Previous studies have suggested the following risk factors for HCV familial clustering: long-term relationship with index cases, long-term marriage with index cases [21], advanced age [20], index cases with severe liver disease (cirrhosis and liver carcinoma) [22], family members who consume alcohol [23], having a history of intravenous drug abuse or incarceration, blade/needle sharing [24], having contact with patients with hepatic encephalopathy [20], and even first-degree relatives, based on genetic predisposition [17]. The current study confirmed that long-term exposure to HCV patients was associated with familial clustering of HCV. This study also showed that low family income was a risk factor, and blood transmission was negatively associated with familial clustering of HCV.
In household settings, family members have more opportunities to be exposed to the blood and body fluid, such as saliva and sperm, of index cases, which has been demonstrated to be HCV RNA-positive [25], resulting in the risk of intrafamilial transmission.
In low-income areas, sharing hygienic products, such as shaving razors, toothbrushes, and nail clippers is common due to ignorance about sanitation and lack of resources.

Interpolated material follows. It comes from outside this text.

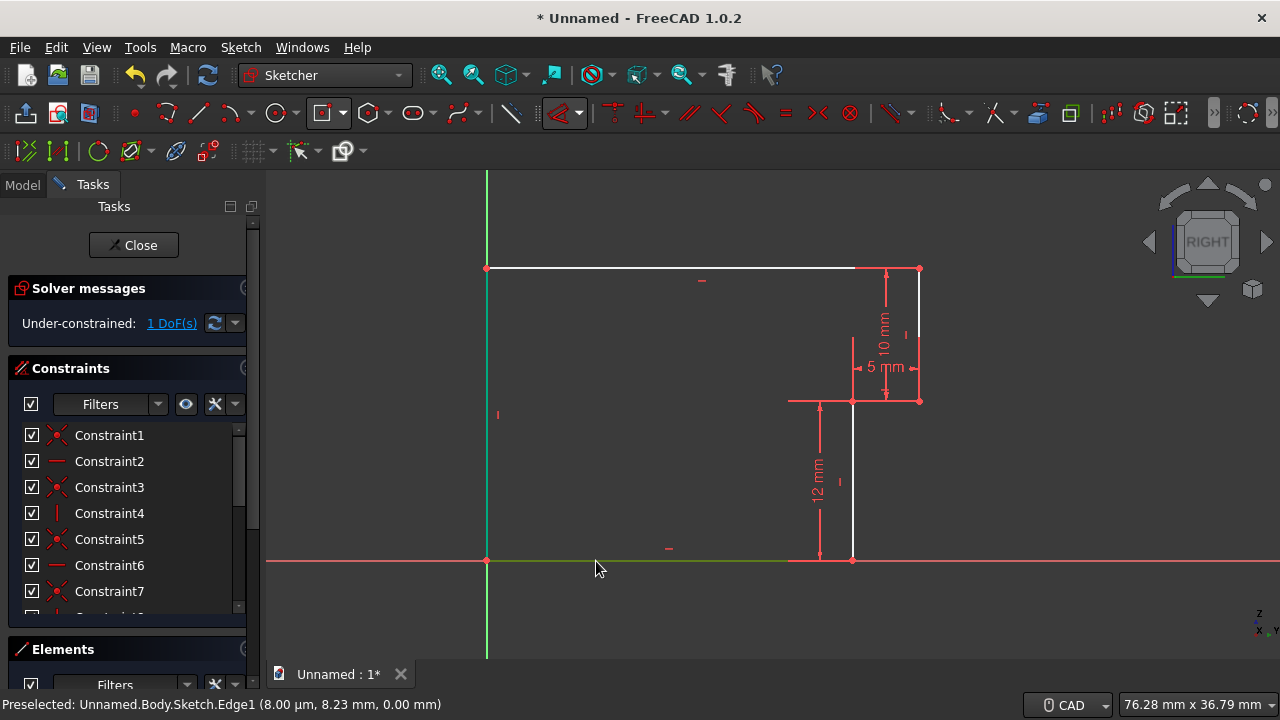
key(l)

Sharing hygienic items is an important risk factor for HCV transmission [16, 24]. As mentioned, in low-income areas, DAAs treatment may not be available for reasons of expense, which makes it more important to raise awareness about the facts of HCV intrafamilial transmission.
Compared with the control group, blood transmission was a less common route for infection in the familial clustering group, perhaps because the majority of familial clustering patients were infected with HCV through household contact rather than blood transfusion.

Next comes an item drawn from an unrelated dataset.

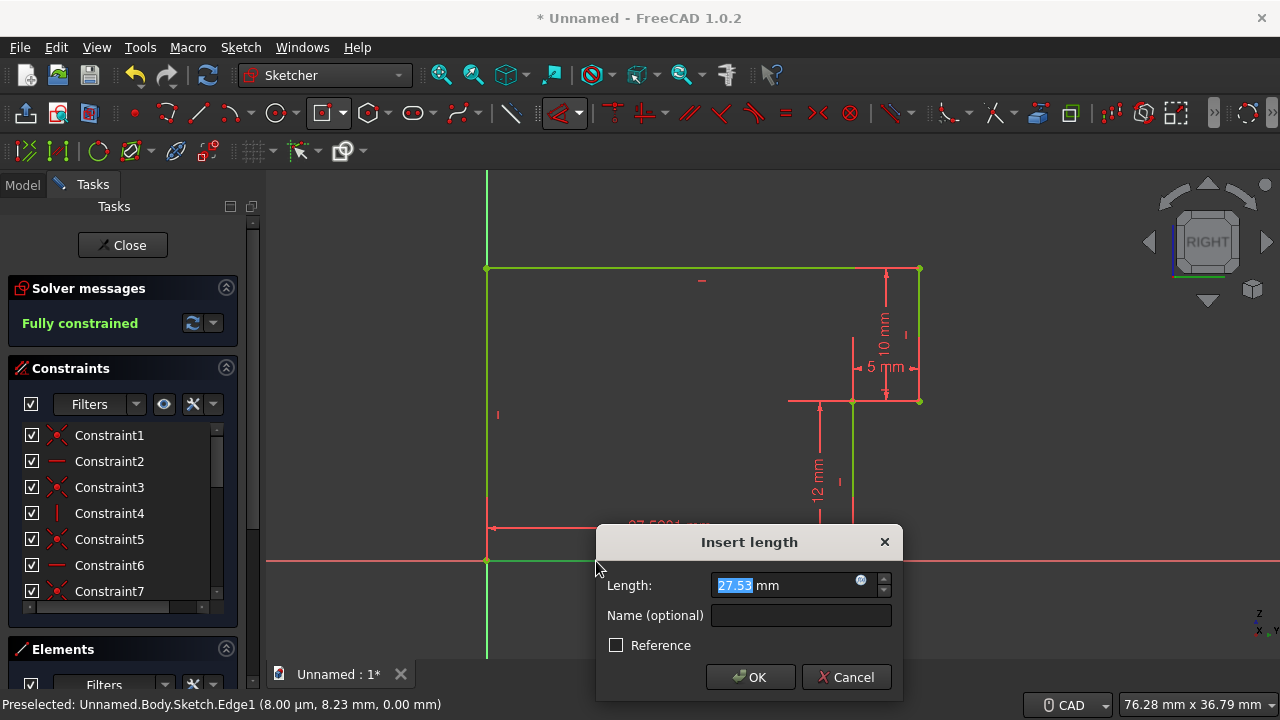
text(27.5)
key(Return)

Sexual transmission has been proven to be one type of transmission route for HCV [13, 16]. In most studies, spousal relationship with an index case has been found to be a risk factor for intrafamilial transmission of HCV. In this study, sexual transmission was more common in patients with familial clustering of HCV according to univariate logistic regression analysis, but the difference was not significant according to multivariate logistic regression analysis. Unlike HBV infection, mother-to-child transmission was relatively uncommon in HCV patients, with a risk of approximately 4–8% [26, 27]. In this study, mother-to-child transmission was not suspected in any of the 997 patients with HCV.

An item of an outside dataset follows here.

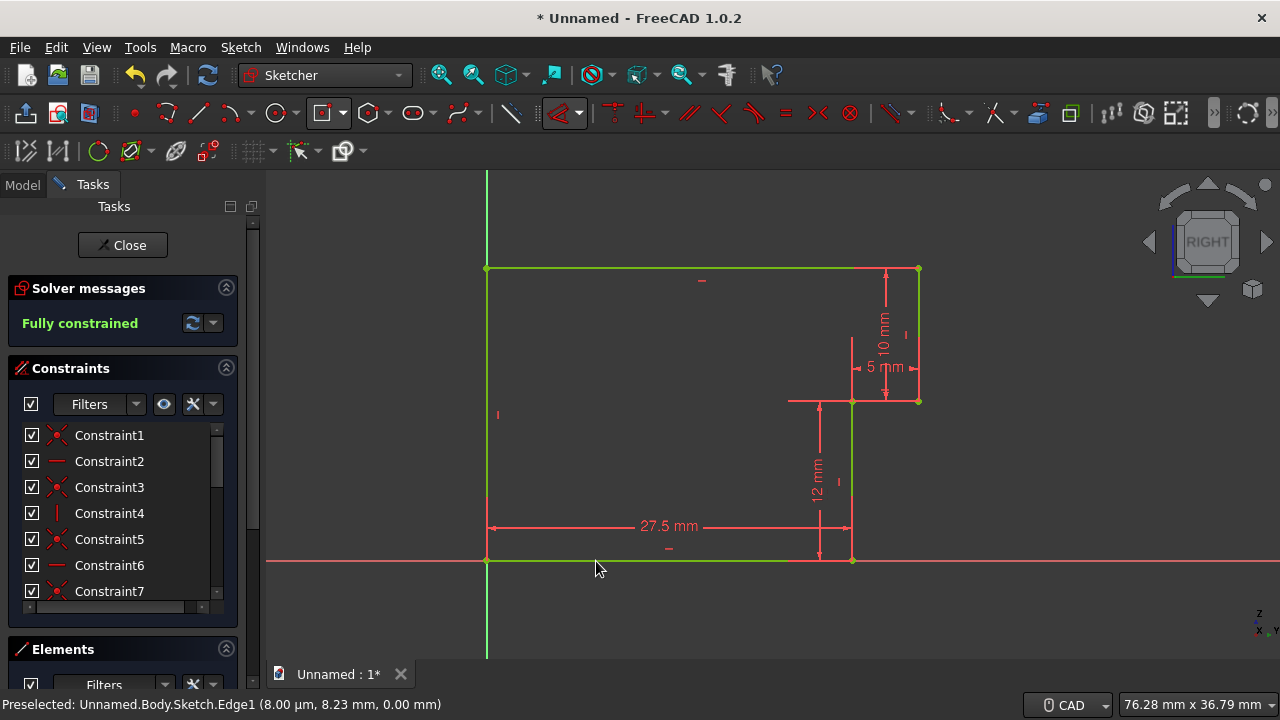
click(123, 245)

In this study, hepatitis C-related factors, such as HCV RNA, genotype, cirrhosis, time of diagnosis, and time of first potential exposure to HCV, were not associated with HCV familial clustering. Although genotype 2a was more common in the group with familial clustering than in the control group according to univariate analysis, the difference was not significant in the multivariate model. Piao et al. reported that familial clustering of HCV existed in the Yanbian Prefecture in northern China. Using a case-control study, 200 anti-HCV-positive and HCV RNA-positive patients and 200-HCV negative controls were examined. In total, 49 family members of HCV index cases and 19 family members of controls were enrolled. They found that intrafamilial transmission of HCV infection was mainly through sexual activity between spouses, and there was no statistically significant relationship with HCV RNA or genotype. Similar to our study, genotype 2a was more common in family members in the HCV group than in the non-HCV group, but this difference was not statistically significant [16].
Other than low family income, socioeconomic factors such as marriage, education, and occupation were not associated with HCV interfamilial clustering.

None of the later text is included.